*Task requirements*.
Every line of the records below that has the word "power" should be copied.

*** Material for the task Section Begins ***

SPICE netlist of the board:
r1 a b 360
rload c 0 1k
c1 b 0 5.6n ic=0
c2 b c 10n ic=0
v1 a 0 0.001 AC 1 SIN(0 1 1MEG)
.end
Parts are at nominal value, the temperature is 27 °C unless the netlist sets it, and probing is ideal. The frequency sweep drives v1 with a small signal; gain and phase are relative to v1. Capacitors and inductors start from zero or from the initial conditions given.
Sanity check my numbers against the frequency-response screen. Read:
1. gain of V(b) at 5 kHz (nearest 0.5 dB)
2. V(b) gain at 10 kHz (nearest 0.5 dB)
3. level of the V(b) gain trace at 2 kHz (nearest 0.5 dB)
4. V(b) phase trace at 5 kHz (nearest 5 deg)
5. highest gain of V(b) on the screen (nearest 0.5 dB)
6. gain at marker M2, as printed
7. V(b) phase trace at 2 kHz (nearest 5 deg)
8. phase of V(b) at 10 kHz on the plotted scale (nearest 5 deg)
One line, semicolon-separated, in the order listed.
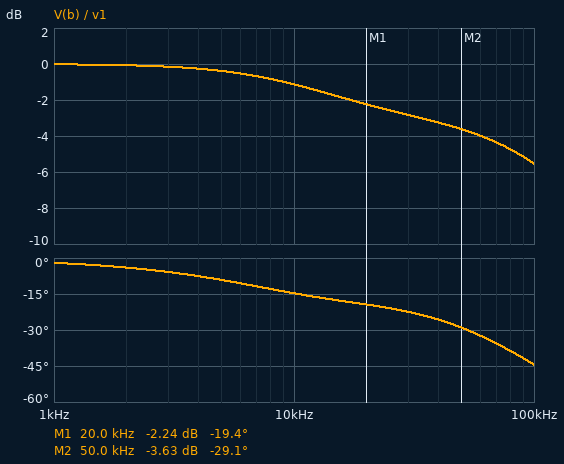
-0.5 dB; -1.0 dB; 0 dB; -10 deg; 0 dB; -3.63 dB; -5 deg; -15 deg
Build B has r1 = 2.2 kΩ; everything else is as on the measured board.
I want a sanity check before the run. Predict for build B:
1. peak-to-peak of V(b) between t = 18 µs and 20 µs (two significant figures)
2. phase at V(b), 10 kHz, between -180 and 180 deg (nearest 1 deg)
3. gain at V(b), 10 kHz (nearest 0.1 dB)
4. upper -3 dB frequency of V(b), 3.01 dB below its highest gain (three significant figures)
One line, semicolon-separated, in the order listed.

26 mV; -47 deg; -7.6 dB; 4.07 kHz
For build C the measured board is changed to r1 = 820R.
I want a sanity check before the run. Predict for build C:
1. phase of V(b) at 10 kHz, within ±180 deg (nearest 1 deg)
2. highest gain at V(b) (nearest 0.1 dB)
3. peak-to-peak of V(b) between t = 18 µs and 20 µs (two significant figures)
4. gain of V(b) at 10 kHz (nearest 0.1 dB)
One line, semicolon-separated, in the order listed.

-28 deg; 0 dB; 69 mV; -2.9 dB
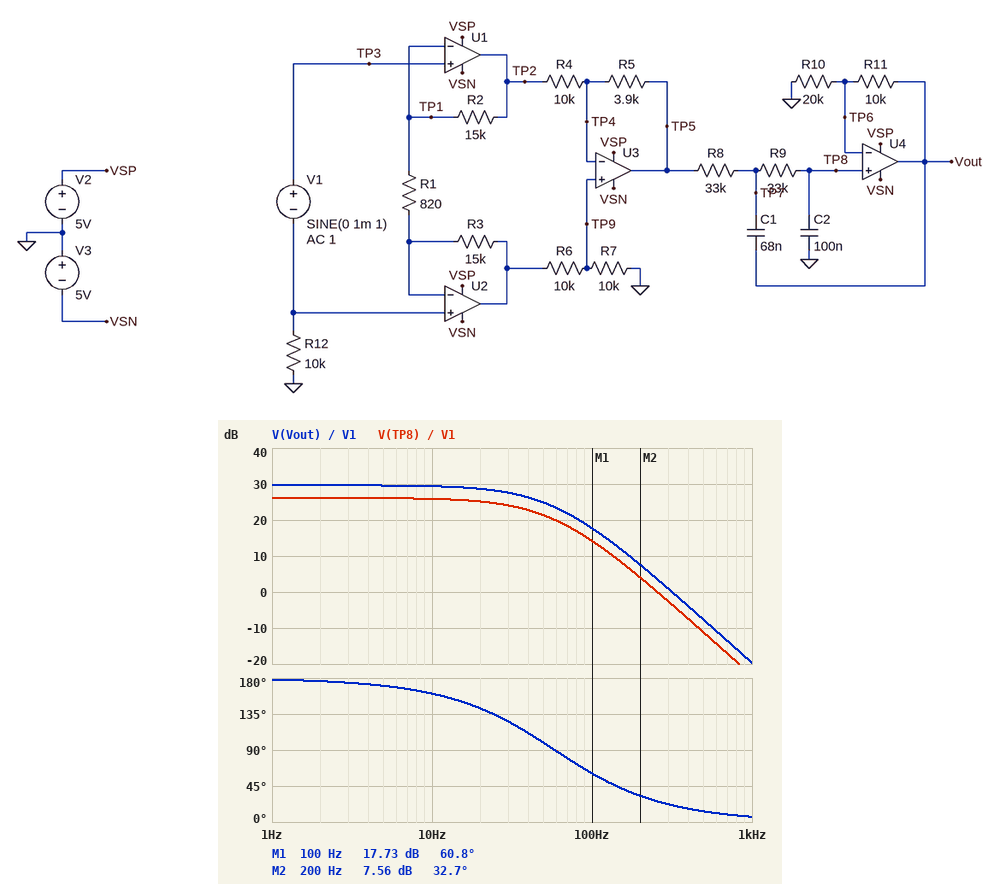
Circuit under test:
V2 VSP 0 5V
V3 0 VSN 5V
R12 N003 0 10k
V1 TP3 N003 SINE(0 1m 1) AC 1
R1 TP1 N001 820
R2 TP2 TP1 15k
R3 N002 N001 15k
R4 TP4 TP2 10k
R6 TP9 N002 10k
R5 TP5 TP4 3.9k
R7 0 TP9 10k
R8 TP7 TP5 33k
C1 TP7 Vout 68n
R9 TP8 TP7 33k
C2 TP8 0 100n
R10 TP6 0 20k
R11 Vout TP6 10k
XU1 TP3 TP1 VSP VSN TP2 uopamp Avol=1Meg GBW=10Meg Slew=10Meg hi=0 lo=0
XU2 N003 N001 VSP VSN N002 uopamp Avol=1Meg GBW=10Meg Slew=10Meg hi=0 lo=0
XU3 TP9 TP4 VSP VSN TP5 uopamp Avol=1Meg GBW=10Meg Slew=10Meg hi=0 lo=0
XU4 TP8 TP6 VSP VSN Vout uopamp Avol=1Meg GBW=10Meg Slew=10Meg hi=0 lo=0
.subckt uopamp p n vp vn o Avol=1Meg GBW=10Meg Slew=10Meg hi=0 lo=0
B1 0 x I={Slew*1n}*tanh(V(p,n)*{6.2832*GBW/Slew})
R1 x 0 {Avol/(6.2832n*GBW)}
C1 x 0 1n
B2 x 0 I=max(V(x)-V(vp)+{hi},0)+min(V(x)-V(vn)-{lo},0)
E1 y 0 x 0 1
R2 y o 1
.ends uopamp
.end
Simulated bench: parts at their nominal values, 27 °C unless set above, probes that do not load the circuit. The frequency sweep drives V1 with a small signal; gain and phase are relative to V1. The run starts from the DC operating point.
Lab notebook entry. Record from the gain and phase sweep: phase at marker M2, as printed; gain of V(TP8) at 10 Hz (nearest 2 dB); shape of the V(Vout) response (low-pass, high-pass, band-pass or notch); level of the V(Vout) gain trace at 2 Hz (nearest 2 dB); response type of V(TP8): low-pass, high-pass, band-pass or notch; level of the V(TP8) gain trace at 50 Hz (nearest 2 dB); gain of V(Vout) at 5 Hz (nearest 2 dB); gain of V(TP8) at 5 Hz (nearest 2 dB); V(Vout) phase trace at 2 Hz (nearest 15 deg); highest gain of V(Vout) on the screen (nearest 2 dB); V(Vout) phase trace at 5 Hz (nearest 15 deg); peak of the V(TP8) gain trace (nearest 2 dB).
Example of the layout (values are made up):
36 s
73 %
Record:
32.7 deg
26 dB
low-pass
30 dB
low-pass
22 dB
30 dB
26 dB
180 deg
30 dB
165 deg
26 dB
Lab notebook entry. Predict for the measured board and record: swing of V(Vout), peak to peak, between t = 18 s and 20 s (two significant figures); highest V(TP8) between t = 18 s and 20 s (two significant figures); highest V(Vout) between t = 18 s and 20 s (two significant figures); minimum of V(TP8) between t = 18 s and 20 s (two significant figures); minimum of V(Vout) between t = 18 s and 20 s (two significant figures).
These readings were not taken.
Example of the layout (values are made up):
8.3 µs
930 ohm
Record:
61 mV
20 mV
30 mV
-20 mV
-30 mV
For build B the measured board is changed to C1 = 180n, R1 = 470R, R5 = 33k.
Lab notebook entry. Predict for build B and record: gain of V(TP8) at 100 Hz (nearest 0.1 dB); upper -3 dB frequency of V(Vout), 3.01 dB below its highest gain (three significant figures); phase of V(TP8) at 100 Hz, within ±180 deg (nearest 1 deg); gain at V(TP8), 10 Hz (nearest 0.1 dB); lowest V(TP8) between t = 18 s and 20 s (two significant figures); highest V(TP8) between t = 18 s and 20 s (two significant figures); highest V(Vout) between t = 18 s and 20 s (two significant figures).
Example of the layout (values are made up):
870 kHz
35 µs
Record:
27.9 dB
42.7 Hz
19 deg
45.4 dB
-180 mV
180 mV
270 mV
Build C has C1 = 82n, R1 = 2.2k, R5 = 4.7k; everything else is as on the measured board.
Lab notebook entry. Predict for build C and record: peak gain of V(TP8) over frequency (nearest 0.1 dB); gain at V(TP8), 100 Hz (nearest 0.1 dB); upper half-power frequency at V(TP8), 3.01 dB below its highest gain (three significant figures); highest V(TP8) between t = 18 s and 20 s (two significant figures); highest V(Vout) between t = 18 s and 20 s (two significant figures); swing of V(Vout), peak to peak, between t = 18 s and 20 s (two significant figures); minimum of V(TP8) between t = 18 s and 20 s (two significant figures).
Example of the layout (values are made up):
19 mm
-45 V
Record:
18.8 dB
6.4 dB
41.1 Hz
8.7 mV
13 mV
26 mV
-8.7 mV
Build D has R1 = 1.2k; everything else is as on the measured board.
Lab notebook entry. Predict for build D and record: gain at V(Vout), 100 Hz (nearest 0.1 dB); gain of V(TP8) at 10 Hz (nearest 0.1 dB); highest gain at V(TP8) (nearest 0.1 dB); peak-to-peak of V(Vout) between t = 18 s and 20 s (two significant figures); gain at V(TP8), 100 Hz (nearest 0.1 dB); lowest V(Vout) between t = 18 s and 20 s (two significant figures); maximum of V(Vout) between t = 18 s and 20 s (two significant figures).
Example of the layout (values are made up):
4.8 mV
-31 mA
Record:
14.5 dB
22.6 dB
22.9 dB
42 mV
11.0 dB
-21 mV
21 mV
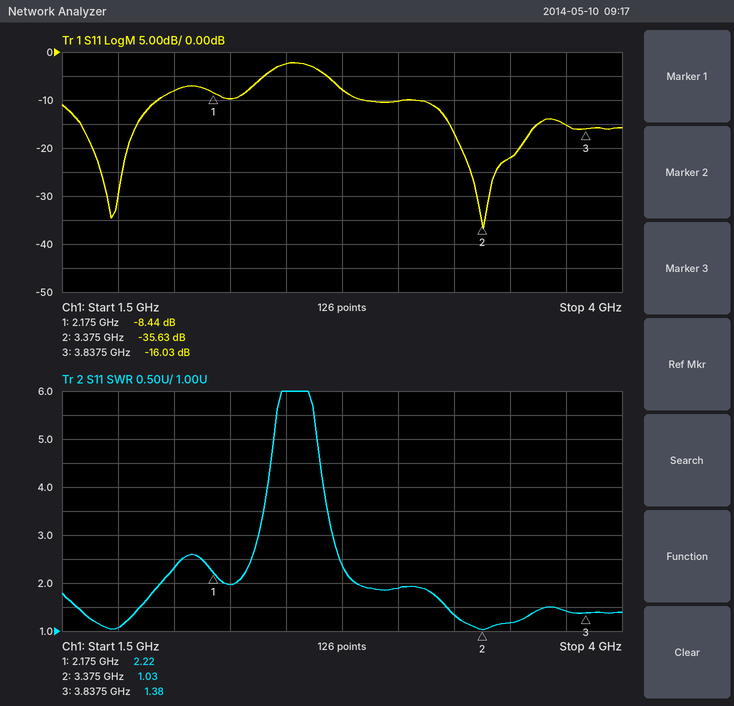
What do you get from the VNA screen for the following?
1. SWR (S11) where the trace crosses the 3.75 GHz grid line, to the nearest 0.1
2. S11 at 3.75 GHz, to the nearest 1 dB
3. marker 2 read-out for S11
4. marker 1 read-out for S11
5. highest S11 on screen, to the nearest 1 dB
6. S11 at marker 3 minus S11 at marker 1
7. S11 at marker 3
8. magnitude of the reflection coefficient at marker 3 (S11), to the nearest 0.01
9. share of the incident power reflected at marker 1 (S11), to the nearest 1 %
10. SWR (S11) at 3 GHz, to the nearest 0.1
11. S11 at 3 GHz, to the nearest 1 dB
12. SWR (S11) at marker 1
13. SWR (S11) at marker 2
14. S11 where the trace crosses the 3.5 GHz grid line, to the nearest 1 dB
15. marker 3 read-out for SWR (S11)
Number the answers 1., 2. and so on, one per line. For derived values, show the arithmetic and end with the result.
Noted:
1. 1.4
2. -15 dB
3. -35.63 dB
4. -8.44 dB
5. -2 dB
6. -16.03 − (-8.44) = -7.59 dB
7. -16.03 dB
8. 10^(-16.03/20) ≈ 0.16
9. 10^(-8.44/10) ≈ 14 %
10. 1.9
11. -10 dB
12. 2.22
13. 1.03
14. -22 dB
15. 1.38

*** Material for the task Section Ends ***

*Output of the task*.
Lab notebook entry. Predict for build C and record: peak gain of V(TP8) over frequency (nearest 0.1 dB); gain at V(TP8), 100 Hz (nearest 0.1 dB); upper half-power frequency at V(TP8), 3.01 dB below its highest gain (three significant figures); highest V(TP8) between t = 18 s and 20 s (two significant figures); highest V(Vout) between t = 18 s and 20 s (two significant figures); swing of V(Vout), peak to peak, between t = 18 s and 20 s (two significant figures); minimum of V(TP8) between t = 18 s and 20 s (two significant figures).
9. share of the incident power reflected at marker 1 (S11), to the nearest 1 %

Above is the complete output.